= Greg Marsh =

British entrepreneur and academic

Greg Marsh is a British entrepreneur and academic. He is the founder and CEO of Nous, a financial technology company that claims to use artificial intelligence to help households save money on bills. He previously founded the luxury accommodation marketplace onefinestay and has served as a commentator on personal finance and entrepreneurship.

== Early life ==
Marsh was born in London and read English and philosophy at Christ's College, Cambridge. He later attended Harvard Business School on a Fulbright Scholarship, where he was twice named a Ford Scholar. Marsh is the grandson of Amnesty International founder Peter Benenson, and great-grandson of campaigner Flora Solomon.

== Career ==

=== Early career ===
Marsh began his career at Index Ventures, a European venture capital firm.

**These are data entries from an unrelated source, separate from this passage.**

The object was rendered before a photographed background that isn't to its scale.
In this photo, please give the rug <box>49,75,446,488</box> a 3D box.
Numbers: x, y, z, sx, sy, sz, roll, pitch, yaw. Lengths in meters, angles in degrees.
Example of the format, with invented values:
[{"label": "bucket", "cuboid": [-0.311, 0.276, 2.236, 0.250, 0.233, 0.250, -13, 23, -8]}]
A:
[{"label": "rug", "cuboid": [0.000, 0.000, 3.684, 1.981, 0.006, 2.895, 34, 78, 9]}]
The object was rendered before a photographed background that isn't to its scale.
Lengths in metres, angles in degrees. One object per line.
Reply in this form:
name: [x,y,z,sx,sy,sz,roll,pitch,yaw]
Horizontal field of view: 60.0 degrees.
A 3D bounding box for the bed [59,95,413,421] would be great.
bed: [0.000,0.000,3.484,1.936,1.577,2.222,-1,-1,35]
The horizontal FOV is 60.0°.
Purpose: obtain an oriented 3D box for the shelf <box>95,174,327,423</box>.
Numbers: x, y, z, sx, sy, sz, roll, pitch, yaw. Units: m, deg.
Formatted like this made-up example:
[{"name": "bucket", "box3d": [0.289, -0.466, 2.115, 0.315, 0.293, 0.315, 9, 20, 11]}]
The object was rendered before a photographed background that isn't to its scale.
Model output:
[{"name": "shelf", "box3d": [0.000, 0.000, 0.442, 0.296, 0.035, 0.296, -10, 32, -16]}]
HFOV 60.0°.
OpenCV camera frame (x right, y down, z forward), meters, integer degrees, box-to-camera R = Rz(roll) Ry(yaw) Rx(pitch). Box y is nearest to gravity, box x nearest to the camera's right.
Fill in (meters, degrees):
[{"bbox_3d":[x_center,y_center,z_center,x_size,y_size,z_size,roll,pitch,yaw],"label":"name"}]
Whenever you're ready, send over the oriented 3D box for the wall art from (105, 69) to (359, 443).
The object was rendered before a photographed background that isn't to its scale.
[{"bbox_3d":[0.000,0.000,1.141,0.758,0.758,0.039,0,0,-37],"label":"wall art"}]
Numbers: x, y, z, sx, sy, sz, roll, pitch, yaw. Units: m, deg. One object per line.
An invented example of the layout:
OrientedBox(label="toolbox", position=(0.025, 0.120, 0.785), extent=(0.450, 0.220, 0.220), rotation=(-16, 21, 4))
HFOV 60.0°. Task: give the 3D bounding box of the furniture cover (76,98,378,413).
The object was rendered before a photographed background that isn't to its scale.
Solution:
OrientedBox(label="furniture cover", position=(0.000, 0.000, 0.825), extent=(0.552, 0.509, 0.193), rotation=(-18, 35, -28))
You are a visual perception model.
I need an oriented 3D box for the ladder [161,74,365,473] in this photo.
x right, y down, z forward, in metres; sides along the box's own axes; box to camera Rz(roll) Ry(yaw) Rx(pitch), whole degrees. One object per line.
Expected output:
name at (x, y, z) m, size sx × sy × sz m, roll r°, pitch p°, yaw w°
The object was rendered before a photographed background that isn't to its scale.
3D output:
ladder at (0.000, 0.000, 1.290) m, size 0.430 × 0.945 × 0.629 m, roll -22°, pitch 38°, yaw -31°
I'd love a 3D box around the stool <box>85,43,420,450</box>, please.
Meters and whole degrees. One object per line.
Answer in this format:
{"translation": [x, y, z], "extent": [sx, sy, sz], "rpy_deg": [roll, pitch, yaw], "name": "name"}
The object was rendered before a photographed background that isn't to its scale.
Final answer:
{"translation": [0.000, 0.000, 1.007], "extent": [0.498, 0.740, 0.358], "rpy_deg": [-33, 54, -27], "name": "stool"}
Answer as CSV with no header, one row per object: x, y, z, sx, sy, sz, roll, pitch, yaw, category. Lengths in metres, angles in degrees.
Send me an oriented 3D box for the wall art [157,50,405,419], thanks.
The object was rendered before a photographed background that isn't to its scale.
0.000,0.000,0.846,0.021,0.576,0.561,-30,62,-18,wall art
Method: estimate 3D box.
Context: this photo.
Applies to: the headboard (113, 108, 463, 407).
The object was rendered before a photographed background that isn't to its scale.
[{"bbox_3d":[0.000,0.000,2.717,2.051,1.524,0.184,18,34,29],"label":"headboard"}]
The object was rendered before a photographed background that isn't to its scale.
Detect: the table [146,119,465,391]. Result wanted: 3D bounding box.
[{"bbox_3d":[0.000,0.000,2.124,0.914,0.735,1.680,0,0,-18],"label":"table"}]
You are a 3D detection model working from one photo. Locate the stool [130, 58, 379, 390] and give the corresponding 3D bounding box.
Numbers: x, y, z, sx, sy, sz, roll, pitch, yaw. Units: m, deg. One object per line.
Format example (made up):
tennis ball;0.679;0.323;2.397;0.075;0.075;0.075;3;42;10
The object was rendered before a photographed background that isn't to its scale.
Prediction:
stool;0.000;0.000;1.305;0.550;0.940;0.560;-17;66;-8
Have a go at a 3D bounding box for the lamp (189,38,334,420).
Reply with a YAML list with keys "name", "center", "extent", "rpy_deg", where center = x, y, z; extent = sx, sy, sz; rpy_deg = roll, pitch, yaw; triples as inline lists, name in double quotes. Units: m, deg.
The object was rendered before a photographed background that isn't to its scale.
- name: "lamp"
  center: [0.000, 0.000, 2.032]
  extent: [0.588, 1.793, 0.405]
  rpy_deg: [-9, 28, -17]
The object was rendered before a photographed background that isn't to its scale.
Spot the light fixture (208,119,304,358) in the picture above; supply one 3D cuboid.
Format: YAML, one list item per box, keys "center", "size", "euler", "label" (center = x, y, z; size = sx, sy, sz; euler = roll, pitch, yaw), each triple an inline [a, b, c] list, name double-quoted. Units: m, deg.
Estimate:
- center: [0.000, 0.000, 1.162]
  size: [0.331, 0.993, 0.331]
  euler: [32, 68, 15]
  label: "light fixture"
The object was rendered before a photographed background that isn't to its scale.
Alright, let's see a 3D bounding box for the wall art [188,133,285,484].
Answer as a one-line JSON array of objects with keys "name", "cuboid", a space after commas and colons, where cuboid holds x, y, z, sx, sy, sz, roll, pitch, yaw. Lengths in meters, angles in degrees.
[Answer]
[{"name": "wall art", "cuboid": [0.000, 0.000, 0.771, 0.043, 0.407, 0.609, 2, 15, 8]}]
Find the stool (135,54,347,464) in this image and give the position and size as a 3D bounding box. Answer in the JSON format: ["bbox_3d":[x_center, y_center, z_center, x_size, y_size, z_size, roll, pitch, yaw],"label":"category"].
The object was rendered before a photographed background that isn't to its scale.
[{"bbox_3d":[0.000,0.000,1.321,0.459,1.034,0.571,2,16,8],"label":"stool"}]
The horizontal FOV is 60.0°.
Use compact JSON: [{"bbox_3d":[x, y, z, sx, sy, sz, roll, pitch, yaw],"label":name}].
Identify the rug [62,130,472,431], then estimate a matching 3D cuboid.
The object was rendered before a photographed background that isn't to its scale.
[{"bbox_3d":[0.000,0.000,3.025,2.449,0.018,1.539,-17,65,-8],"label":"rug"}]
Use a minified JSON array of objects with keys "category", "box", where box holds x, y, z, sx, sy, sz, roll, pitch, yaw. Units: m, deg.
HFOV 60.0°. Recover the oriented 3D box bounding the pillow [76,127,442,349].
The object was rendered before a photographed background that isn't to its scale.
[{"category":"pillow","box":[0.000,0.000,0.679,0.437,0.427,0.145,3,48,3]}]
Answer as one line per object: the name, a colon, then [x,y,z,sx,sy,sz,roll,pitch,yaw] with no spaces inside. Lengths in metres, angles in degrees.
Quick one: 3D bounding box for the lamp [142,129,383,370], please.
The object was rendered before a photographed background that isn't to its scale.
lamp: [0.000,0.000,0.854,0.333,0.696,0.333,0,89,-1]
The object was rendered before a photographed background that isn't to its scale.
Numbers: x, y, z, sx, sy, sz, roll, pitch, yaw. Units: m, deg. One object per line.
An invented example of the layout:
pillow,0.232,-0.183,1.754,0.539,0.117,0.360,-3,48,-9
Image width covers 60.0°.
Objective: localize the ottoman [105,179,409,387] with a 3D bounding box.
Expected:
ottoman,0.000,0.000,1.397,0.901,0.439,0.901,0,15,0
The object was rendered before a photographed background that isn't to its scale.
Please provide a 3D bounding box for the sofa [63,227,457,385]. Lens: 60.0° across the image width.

In 2010, he founded onefinestay, a luxury home rental marketplace that allowed travelers to stay in high-end private homes with hotel-style service. The company was acquired by Accor in 2016 for a reported US$170 million (£117 million).

Following the acquisition, Marsh served on the Taylor Review of Modern Working Practices, commissioned by then-Prime Minister Theresa May. He later joined the faculty of Harvard Business School, where he taught entrepreneurship, and was elected to the international board of Amnesty International. He is also a visiting professor at Imperial College Business School.

=== Nous ===
In 2021, Marsh co-founded Nous, a financial technology company that uses artificial intelligence to help UK households manage and save money on bills. In February 2022, Nous announced a £6.6 million (US$9 million) seed funding round.

In 2023, Nous launched the first beta version of its AI-powered money-saving agent and became a certified B Corporation. The company exited beta in early 2024. In April 2024, Nous was featured on BBC Morning Live as one of the UK’s best money-saving apps.

=== Media commentary ===
Marsh is a regular commentator on consumer finance and entrepreneurship, appearing on Sky News, ITV, and LBC. He has written or contributed to British media outlets on topics including the cost-of-living crisis, household finances and entrepreneurship.